- **YOUR INSTRUCTIONS**
Locate, in the data below, the line that contains "#4 scooter or similar [686,658,878,829]" and the line that contains "rotation: [roll, pitch, yaw]"; reproduce exactly those two lines and every line between them, nothing more.

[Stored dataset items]
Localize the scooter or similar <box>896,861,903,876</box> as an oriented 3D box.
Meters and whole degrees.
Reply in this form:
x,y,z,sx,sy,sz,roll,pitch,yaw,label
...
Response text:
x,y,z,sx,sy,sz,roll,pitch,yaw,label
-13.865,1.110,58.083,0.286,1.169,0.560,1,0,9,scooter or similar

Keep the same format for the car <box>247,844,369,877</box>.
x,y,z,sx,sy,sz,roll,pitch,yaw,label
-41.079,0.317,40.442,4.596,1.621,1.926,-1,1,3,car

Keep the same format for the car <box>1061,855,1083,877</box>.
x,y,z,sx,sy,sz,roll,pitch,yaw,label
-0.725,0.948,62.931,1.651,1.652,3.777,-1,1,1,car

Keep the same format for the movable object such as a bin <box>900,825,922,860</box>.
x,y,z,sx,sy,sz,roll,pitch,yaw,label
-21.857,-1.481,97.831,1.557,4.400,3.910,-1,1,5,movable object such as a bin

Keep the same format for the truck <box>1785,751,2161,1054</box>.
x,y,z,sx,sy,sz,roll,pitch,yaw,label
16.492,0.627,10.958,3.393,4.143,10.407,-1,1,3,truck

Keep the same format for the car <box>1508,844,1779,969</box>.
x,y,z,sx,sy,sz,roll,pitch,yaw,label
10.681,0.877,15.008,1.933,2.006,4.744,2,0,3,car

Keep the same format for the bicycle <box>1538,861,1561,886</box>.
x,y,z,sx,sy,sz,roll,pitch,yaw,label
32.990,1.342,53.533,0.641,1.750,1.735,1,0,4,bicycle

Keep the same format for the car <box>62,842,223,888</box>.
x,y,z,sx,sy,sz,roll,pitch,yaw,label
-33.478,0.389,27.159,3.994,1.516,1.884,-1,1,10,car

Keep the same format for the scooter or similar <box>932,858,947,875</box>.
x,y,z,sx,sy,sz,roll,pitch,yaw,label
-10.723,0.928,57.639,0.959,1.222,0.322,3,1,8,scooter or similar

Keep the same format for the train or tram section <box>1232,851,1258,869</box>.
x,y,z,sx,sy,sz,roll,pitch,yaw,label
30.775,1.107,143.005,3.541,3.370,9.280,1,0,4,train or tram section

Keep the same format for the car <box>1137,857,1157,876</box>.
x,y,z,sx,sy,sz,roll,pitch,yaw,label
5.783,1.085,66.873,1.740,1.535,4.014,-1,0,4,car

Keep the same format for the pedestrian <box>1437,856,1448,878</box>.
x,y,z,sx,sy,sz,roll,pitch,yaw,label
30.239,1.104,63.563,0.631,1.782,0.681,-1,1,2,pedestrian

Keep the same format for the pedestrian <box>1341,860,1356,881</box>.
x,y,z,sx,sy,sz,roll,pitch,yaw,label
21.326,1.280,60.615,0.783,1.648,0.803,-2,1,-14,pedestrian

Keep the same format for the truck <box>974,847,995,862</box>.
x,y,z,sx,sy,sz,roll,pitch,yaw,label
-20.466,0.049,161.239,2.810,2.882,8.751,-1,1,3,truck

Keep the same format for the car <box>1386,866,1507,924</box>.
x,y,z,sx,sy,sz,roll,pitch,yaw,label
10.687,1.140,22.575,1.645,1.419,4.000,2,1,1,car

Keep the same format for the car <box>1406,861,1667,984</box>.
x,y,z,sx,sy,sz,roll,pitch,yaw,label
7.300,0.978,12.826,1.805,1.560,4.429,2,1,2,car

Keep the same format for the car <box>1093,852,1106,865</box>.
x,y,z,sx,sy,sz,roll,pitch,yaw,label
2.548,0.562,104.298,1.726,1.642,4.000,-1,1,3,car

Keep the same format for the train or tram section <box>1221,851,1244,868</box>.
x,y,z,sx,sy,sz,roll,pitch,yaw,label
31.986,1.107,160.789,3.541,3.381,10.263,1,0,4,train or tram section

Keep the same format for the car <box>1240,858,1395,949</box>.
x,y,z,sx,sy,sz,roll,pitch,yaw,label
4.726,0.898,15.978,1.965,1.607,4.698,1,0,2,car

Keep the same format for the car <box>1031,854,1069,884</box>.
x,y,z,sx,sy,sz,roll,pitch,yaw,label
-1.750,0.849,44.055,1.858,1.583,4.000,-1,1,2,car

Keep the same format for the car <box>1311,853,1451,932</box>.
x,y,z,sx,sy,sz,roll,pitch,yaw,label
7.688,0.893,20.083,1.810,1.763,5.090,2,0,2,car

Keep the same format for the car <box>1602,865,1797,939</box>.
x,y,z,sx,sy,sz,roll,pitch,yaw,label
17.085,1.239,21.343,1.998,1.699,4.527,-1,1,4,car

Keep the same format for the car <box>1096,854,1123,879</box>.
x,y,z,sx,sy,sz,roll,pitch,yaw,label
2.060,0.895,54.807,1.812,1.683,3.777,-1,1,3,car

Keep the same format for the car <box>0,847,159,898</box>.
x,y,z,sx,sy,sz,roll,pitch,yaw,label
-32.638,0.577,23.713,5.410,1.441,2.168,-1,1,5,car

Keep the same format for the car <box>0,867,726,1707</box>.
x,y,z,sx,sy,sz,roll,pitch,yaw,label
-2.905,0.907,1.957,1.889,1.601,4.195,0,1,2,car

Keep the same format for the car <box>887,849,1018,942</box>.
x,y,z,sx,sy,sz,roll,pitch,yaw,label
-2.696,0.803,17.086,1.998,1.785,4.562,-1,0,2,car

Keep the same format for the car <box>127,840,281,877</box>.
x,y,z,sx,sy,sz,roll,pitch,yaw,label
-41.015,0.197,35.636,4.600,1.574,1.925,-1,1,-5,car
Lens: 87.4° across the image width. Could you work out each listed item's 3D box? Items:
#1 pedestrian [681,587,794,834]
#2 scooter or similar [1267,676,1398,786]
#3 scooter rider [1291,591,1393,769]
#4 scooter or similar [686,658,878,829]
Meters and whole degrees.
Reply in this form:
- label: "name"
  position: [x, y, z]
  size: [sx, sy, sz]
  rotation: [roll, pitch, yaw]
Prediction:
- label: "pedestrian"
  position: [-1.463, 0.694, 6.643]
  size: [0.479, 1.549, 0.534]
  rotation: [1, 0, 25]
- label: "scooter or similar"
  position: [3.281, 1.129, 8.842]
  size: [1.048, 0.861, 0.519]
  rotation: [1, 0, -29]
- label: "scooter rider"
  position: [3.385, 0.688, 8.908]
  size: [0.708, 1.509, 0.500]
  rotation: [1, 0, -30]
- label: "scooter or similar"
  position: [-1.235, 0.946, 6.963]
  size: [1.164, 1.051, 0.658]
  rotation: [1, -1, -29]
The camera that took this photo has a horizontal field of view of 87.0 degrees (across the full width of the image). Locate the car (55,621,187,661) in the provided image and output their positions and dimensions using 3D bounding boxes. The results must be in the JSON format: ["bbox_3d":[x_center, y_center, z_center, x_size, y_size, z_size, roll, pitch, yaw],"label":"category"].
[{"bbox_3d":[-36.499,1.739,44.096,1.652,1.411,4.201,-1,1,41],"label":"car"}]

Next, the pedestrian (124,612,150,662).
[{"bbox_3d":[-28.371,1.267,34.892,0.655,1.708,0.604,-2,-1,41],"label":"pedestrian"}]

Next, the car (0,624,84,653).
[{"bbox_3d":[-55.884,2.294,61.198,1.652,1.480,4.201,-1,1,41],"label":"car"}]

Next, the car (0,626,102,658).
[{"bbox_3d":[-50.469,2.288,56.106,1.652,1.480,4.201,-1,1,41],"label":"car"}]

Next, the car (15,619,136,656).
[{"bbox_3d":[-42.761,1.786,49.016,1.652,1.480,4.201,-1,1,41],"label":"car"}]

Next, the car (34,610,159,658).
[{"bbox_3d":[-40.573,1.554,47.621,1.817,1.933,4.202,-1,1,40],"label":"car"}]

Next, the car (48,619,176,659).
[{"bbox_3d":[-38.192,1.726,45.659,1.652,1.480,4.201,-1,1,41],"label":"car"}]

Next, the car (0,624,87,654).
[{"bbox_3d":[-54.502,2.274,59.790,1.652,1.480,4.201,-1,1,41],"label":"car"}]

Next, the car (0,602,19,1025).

- **RESULT FOR THIS EXERCISE**
#4 scooter or similar [686,658,878,829]
Meters and whole degrees.
Reply in this form:
- label: "name"
  position: [x, y, z]
  size: [sx, sy, sz]
  rotation: [roll, pitch, yaw]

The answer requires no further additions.